What if you can't have children?

Marnie, I'm fine, okay? I'm fine.

f*cking Adam.

He didn't give it to me, okay?

He got tested and he doesn't have it.

I think it was Elijah.

Elijah?


But Elijah's such a loser.

He only slept with one person before you.

It was that cellist with the loose joint disorder.

I know, and she's always, like, liking my Facebook status.

It's such a weird, aggressive move.

It's like, "sorry I passed you an S.T.D., but I enjoy your quirky web presence."

( Laughs ) How can you joke at a time like this, Hannah?

Because I'm fine and I'm not gonna die, so I'm fine.

Well, okay.

I really hate to ring this up, but, you know, rent is due in a week.

The job search...

I have precancer.


Beatrix: "My neighbor is named Chamaid Lyrons.

She supported me when no one else did, right after my husband Chuck d*ed and I left the Alcoholics Anonymous and I almost never left from under my dining room table."

Is "shuh-made" how you say it?

Yes.

How do you spell that?

C-h-a-m-a-i-d.

That's a beautiful name.

Did you come up with that?

Yes.

Story's great, really great.

Loving this string cheese. Keep going.

( TV playing )

( Toilet flushes )

Thanks for letting me change here, Shoshanna.- Mm-hm Do you know where Jessa is? Do you know when she'll be home?


Um, probably not till late. She has a job now.

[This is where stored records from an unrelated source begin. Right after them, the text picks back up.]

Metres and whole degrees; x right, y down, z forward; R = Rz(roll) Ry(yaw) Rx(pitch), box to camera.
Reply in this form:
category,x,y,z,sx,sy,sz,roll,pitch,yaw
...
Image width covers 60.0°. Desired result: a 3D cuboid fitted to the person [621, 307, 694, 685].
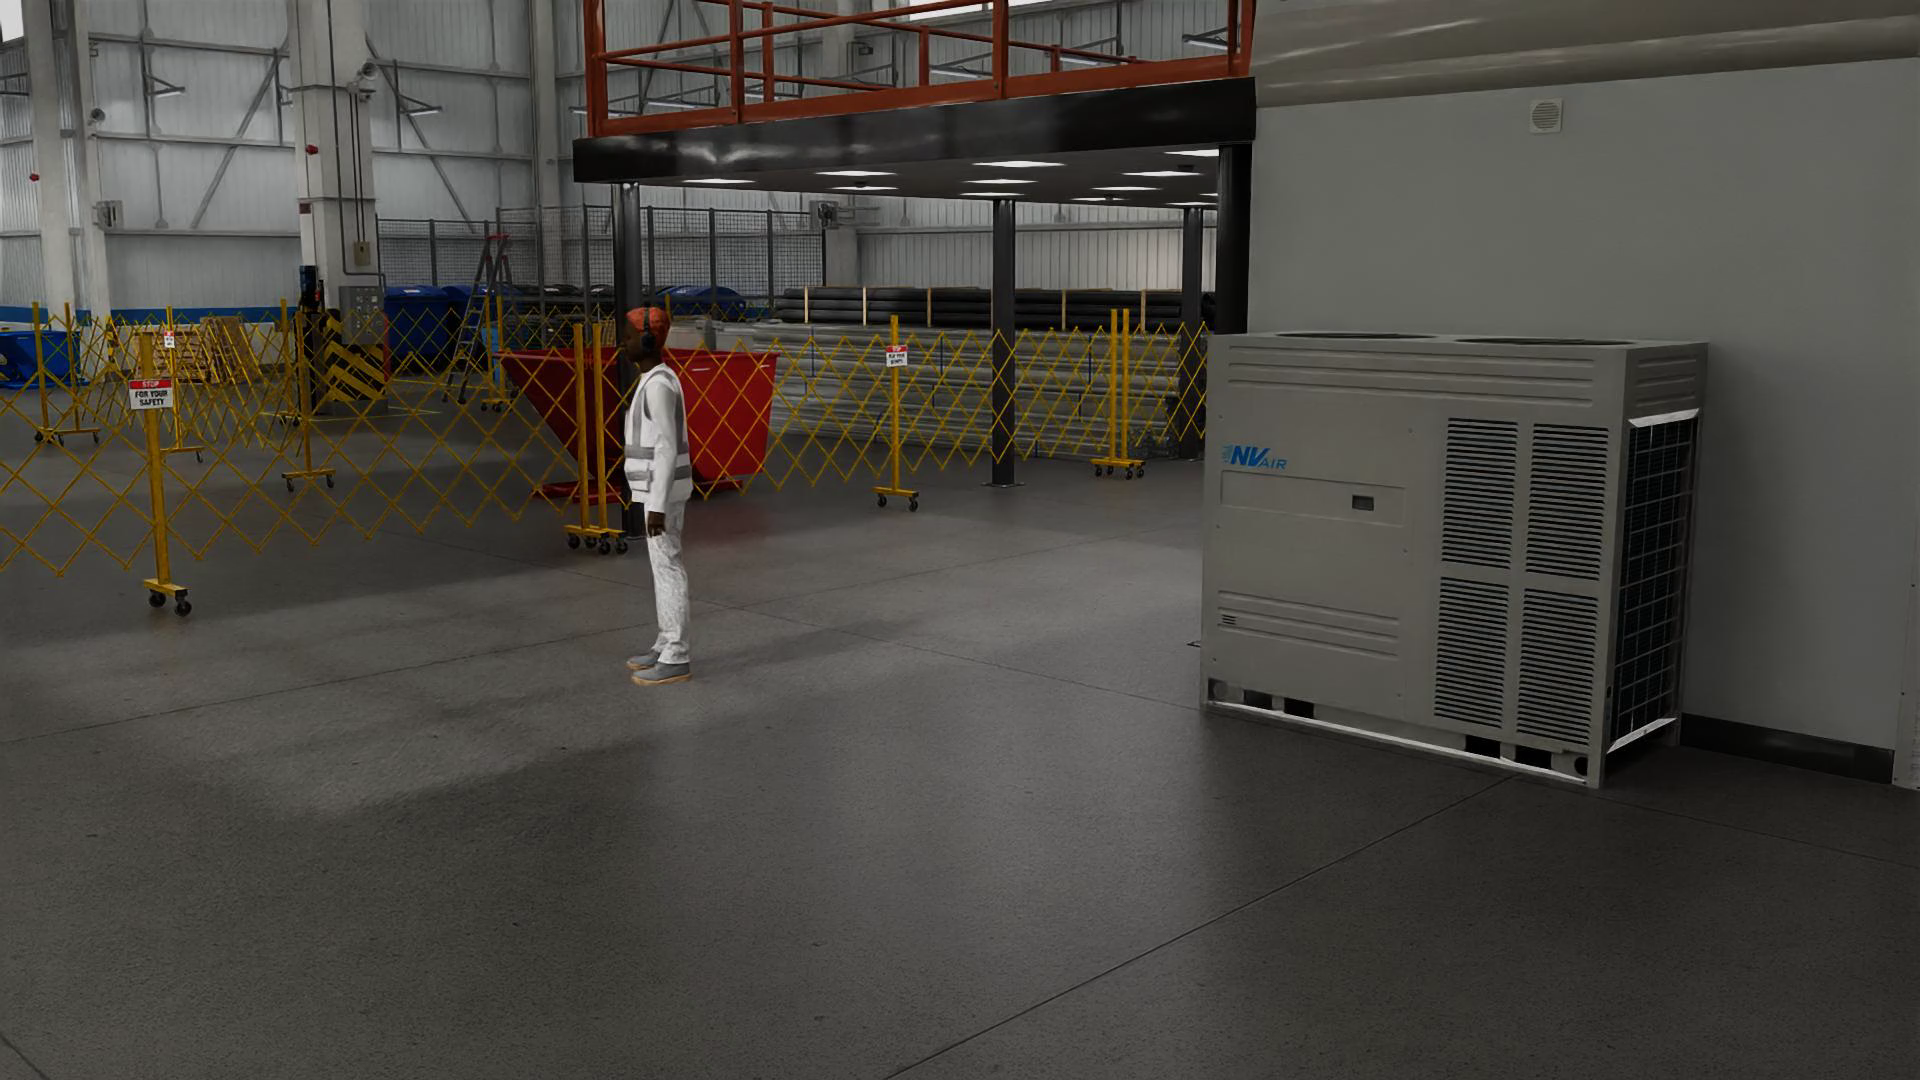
category,x,y,z,sx,sy,sz,roll,pitch,yaw
person,-1.516,-0.216,8.323,0.362,1.882,0.576,-2,9,-11

Okay, I guess everybody has a job now.

( Crowd groaning )

Oh, my effing "G," no.


What are you watching?

"Baggage."

"Baggage"? What's "Baggage"?

It's, like, my favorite show on Game Show Network.

No, she didn't.

Marnie and I don't have cable, so I haven't seen that.

Shut up. No way. Get over here now.

Okay, so, there are three contestants.

Today they're girls.

And this guy Danny is looking for love, and they each have three suitcases... a little one, a medium one, and a big one.

And in them they have, like, their secret baggage and they reveal it.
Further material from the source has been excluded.